(Records shown)

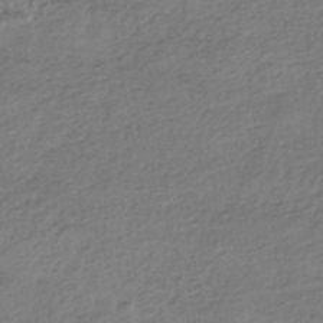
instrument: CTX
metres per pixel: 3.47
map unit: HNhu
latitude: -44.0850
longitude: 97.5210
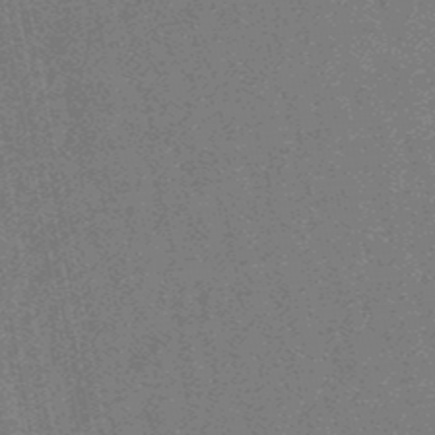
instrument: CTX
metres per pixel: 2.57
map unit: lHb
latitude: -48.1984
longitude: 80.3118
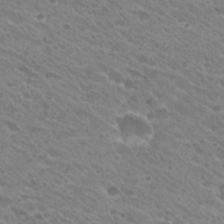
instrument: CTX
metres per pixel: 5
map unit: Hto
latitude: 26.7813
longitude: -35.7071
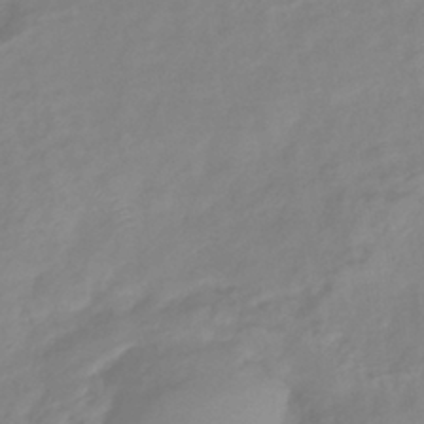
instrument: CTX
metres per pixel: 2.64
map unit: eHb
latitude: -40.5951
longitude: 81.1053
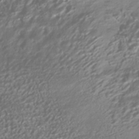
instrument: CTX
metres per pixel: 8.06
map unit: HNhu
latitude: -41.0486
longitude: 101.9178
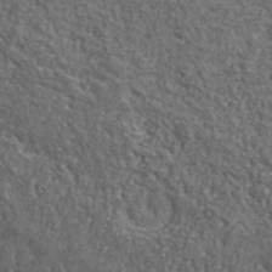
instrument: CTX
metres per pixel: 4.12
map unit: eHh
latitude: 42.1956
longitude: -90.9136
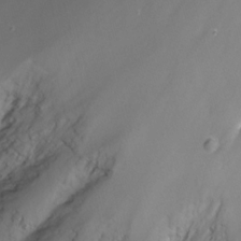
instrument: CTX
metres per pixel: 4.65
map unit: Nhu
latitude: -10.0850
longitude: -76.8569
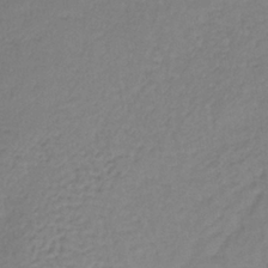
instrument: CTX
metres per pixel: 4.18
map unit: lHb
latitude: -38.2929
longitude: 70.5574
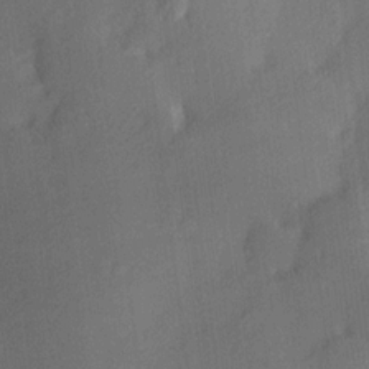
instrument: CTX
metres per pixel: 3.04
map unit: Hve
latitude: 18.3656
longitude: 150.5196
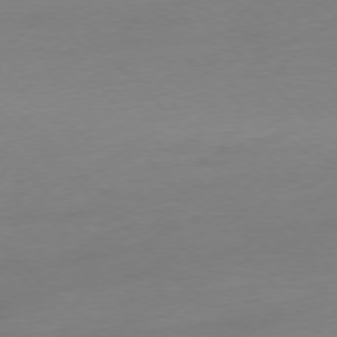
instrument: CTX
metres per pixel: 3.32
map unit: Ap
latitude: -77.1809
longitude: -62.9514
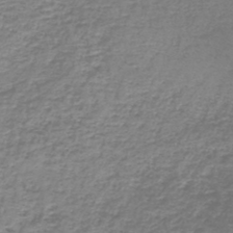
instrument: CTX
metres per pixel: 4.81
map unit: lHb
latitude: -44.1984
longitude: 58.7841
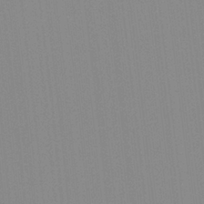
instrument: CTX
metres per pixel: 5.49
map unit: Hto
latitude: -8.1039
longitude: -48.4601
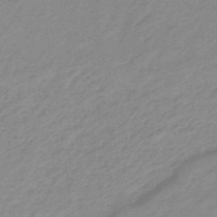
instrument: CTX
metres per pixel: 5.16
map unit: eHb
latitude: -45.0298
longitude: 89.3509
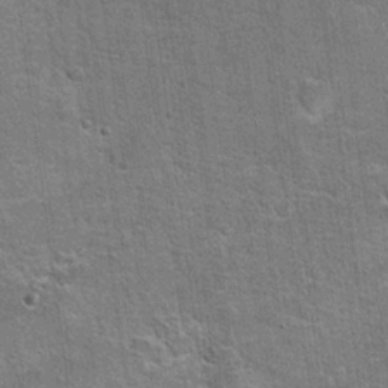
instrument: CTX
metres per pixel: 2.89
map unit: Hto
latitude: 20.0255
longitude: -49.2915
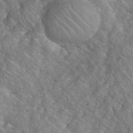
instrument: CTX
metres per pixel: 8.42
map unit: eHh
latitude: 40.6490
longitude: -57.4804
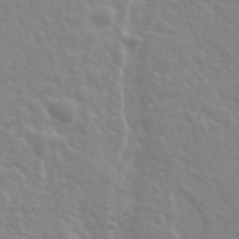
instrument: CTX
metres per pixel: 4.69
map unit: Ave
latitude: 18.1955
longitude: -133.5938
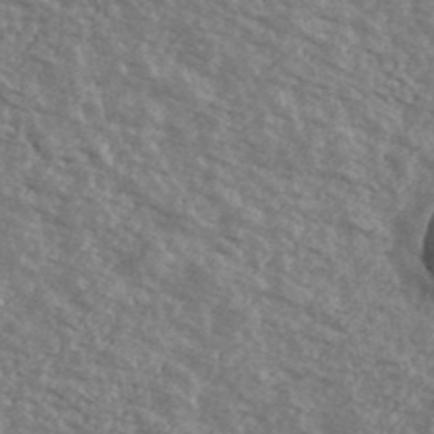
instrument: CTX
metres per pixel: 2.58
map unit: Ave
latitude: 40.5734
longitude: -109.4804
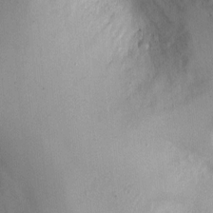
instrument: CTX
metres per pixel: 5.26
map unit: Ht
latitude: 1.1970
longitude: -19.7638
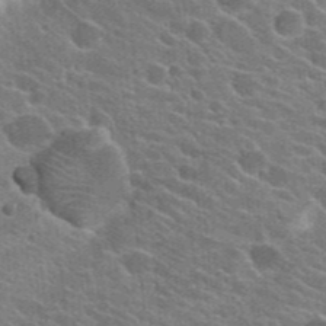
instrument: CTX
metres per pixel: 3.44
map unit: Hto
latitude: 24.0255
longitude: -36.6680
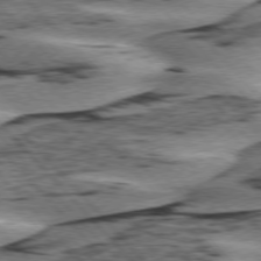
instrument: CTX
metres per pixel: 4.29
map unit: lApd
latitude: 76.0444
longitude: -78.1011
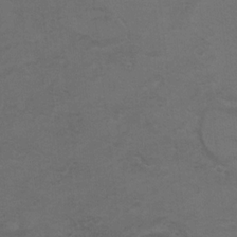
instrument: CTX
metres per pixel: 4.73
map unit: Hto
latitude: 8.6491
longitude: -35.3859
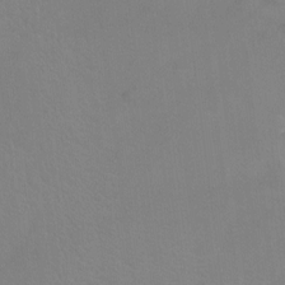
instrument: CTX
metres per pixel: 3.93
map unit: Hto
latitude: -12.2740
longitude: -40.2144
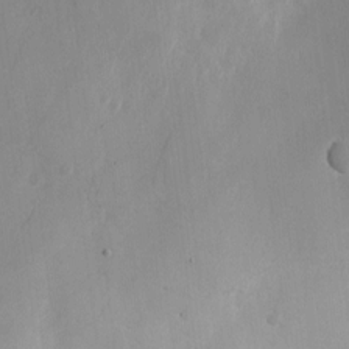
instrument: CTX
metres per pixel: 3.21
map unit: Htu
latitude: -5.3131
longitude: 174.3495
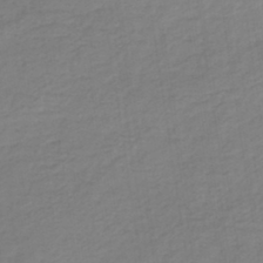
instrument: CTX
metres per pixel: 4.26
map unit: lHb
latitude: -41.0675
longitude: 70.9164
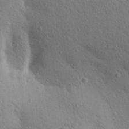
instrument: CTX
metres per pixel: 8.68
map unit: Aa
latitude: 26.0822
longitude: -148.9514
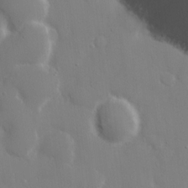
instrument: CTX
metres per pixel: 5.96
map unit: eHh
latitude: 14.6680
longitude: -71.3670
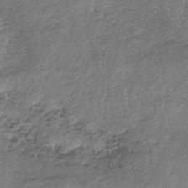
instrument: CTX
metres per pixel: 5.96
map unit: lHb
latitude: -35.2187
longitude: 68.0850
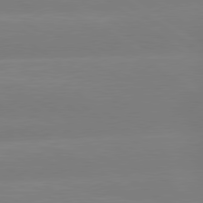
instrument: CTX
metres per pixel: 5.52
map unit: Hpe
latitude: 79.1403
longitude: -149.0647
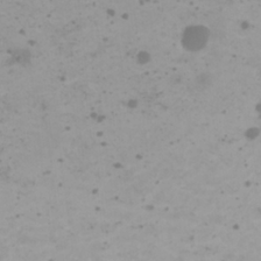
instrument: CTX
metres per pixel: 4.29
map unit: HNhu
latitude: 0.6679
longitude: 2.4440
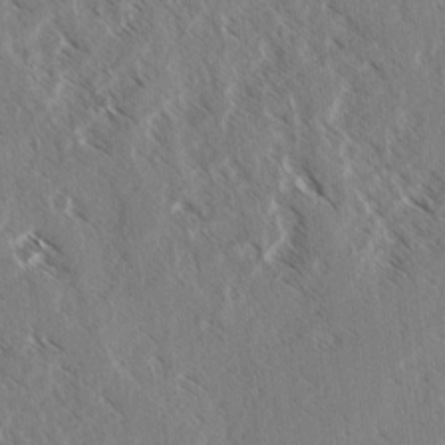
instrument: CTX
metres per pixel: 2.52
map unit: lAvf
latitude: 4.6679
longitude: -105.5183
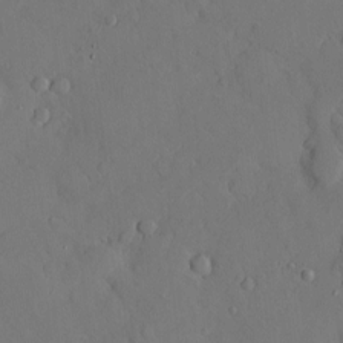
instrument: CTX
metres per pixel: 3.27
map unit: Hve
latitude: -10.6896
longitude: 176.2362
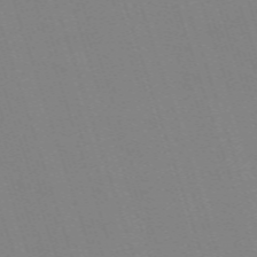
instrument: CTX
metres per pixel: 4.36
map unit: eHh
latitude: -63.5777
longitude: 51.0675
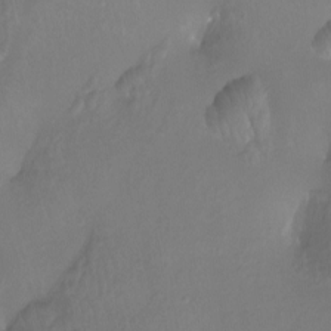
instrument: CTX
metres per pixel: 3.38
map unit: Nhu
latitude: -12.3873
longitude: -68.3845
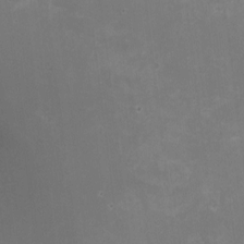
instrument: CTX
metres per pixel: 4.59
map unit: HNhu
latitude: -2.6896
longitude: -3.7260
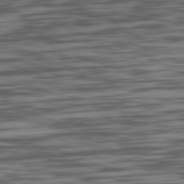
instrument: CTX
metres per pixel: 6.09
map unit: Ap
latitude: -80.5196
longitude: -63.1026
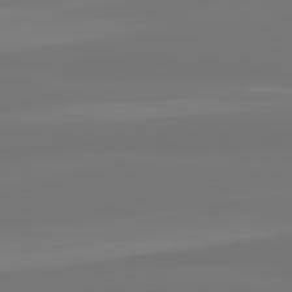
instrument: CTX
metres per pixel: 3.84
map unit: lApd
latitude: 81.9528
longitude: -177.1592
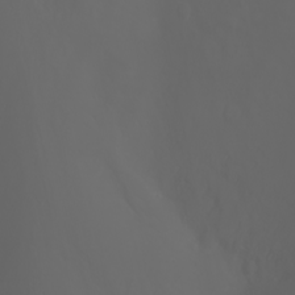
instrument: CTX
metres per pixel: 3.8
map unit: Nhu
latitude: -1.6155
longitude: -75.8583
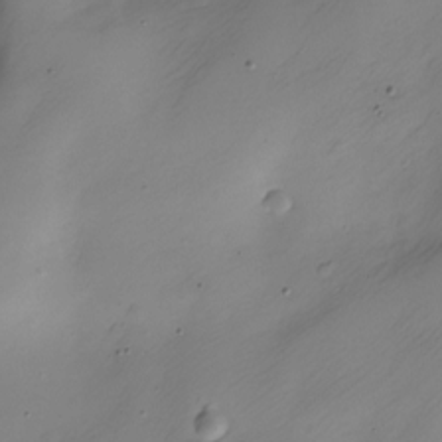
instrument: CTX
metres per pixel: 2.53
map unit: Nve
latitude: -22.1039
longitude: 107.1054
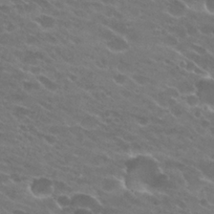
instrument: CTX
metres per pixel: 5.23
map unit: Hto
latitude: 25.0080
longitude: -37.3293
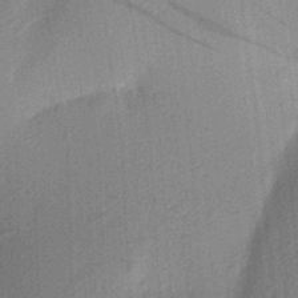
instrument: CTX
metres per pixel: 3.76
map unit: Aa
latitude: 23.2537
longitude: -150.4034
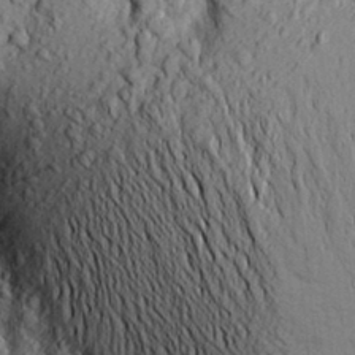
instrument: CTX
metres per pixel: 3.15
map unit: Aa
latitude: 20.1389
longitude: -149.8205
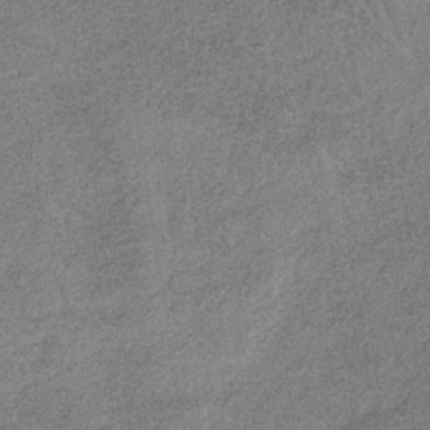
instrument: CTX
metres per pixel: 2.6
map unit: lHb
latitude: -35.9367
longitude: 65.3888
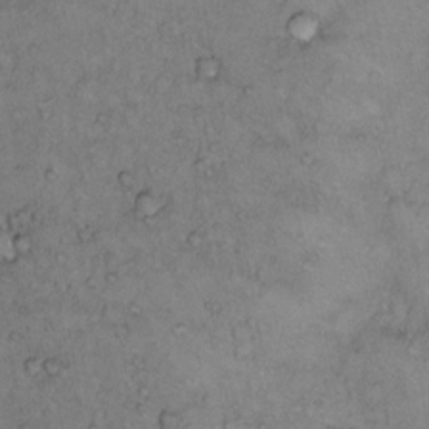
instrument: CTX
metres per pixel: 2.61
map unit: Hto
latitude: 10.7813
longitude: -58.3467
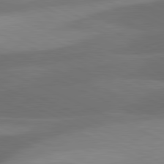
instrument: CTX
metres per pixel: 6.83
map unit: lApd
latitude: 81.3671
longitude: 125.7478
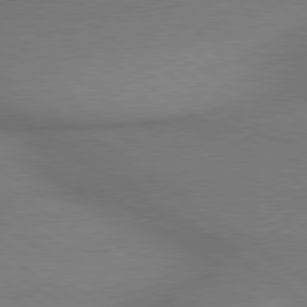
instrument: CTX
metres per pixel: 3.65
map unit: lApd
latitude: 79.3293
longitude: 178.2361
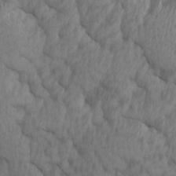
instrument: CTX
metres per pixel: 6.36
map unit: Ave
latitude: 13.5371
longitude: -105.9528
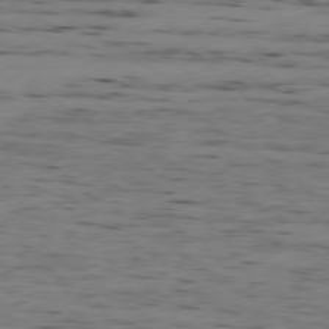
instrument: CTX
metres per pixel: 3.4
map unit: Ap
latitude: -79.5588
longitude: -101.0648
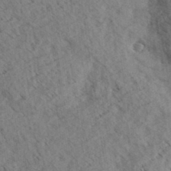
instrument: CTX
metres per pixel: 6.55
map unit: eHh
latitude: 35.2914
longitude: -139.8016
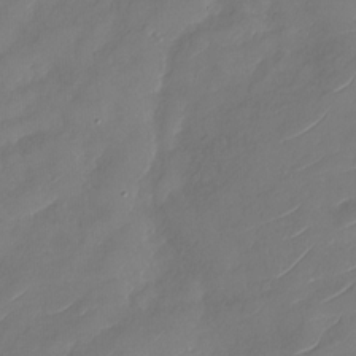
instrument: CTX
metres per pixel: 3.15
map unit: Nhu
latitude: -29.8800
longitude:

(End Records shown)

Produce a word-for-word copy of the records, omitting all images.

• Exercise answer:
instrument: CTX
metres per pixel: 3.47
map unit: HNhu
latitude: -44.0850
longitude: 97.5210
instrument: CTX
metres per pixel: 2.57
map unit: lHb
latitude: -48.1984
longitude: 80.3118
instrument: CTX
metres per pixel: 5
map unit: Hto
latitude: 26.7813
longitude: -35.7071
instrument: CTX
metres per pixel: 2.64
map unit: eHb
latitude: -40.5951
longitude: 81.1053
instrument: CTX
metres per pixel: 8.06
map unit: HNhu
latitude: -41.0486
longitude: 101.9178
instrument: CTX
metres per pixel: 4.12
map unit: eHh
latitude: 42.1956
longitude: -90.9136
instrument: CTX
metres per pixel: 4.65
map unit: Nhu
latitude: -10.0850
longitude: -76.8569
instrument: CTX
metres per pixel: 4.18
map unit: lHb
latitude: -38.2929
longitude: 70.5574
instrument: CTX
metres per pixel: 3.04
map unit: Hve
latitude: 18.3656
longitude: 150.5196
instrument: CTX
metres per pixel: 3.32
map unit: Ap
latitude: -77.1809
longitude: -62.9514
instrument: CTX
metres per pixel: 4.81
map unit: lHb
latitude: -44.1984
longitude: 58.7841
instrument: CTX
metres per pixel: 5.49
map unit: Hto
latitude: -8.1039
longitude: -48.4601
instrument: CTX
metres per pixel: 5.16
map unit: eHb
latitude: -45.0298
longitude: 89.3509
instrument: CTX
metres per pixel: 2.89
map unit: Hto
latitude: 20.0255
longitude: -49.2915
instrument: CTX
metres per pixel: 8.42
map unit: eHh
latitude: 40.6490
longitude: -57.4804
instrument: CTX
metres per pixel: 4.69
map unit: Ave
latitude: 18.1955
longitude: -133.5938
instrument: CTX
metres per pixel: 2.58
map unit: Ave
latitude: 40.5734
longitude: -109.4804
instrument: CTX
metres per pixel: 5.26
map unit: Ht
latitude: 1.1970
longitude: -19.7638
instrument: CTX
metres per pixel: 3.44
map unit: Hto
latitude: 24.0255
longitude: -36.6680
instrument: CTX
metres per pixel: 4.29
map unit: lApd
latitude: 76.0444
longitude: -78.1011
instrument: CTX
metres per pixel: 4.73
map unit: Hto
latitude: 8.6491
longitude: -35.3859
instrument: CTX
metres per pixel: 3.93
map unit: Hto
latitude: -12.2740
longitude: -40.2144
instrument: CTX
metres per pixel: 3.21
map unit: Htu
latitude: -5.3131
longitude: 174.3495
instrument: CTX
metres per pixel: 4.26
map unit: lHb
latitude: -41.0675
longitude: 70.9164
instrument: CTX
metres per pixel: 8.68
map unit: Aa
latitude: 26.0822
longitude: -148.9514
instrument: CTX
metres per pixel: 5.96
map unit: eHh
latitude: 14.6680
longitude: -71.3670
instrument: CTX
metres per pixel: 5.96
map unit: lHb
latitude: -35.2187
longitude: 68.0850
instrument: CTX
metres per pixel: 5.52
map unit: Hpe
latitude: 79.1403
longitude: -149.0647
instrument: CTX
metres per pixel: 4.29
map unit: HNhu
latitude: 0.6679
longitude: 2.4440
instrument: CTX
metres per pixel: 2.52
map unit: lAvf
latitude: 4.6679
longitude: -105.5183
instrument: CTX
metres per pixel: 3.27
map unit: Hve
latitude: -10.6896
longitude: 176.2362
instrument: CTX
metres per pixel: 4.36
map unit: eHh
latitude: -63.5777
longitude: 51.0675
instrument: CTX
metres per pixel: 3.38
map unit: Nhu
latitude: -12.3873
longitude: -68.3845
instrument: CTX
metres per pixel: 4.59
map unit: HNhu
latitude: -2.6896
longitude: -3.7260
instrument: CTX
metres per pixel: 6.09
map unit: Ap
latitude: -80.5196
longitude: -63.1026
instrument: CTX
metres per pixel: 3.84
map unit: lApd
latitude: 81.9528
longitude: -177.1592
instrument: CTX
metres per pixel: 3.8
map unit: Nhu
latitude: -1.6155
longitude: -75.8583
instrument: CTX
metres per pixel: 2.53
map unit: Nve
latitude: -22.1039
longitude: 107.1054
instrument: CTX
metres per pixel: 5.23
map unit: Hto
latitude: 25.0080
longitude: -37.3293
instrument: CTX
metres per pixel: 3.76
map unit: Aa
latitude: 23.2537
longitude: -150.4034
instrument: CTX
metres per pixel: 3.15
map unit: Aa
latitude: 20.1389
longitude: -149.8205
instrument: CTX
metres per pixel: 2.6
map unit: lHb
latitude: -35.9367
longitude: 65.3888
instrument: CTX
metres per pixel: 2.61
map unit: Hto
latitude: 10.7813
longitude: -58.3467
instrument: CTX
metres per pixel: 6.83
map unit: lApd
latitude: 81.3671
longitude: 125.7478
instrument: CTX
metres per pixel: 3.65
map unit: lApd
latitude: 79.3293
longitude: 178.2361
instrument: CTX
metres per pixel: 6.36
map unit: Ave
latitude: 13.5371
longitude: -105.9528
instrument: CTX
metres per pixel: 3.4
map unit: Ap
latitude: -79.5588
longitude: -101.0648
instrument: CTX
metres per pixel: 6.55
map unit: eHh
latitude: 35.2914
longitude: -139.8016
instrument: CTX
metres per pixel: 3.15
map unit: Nhu
latitude: -29.8800
longitude:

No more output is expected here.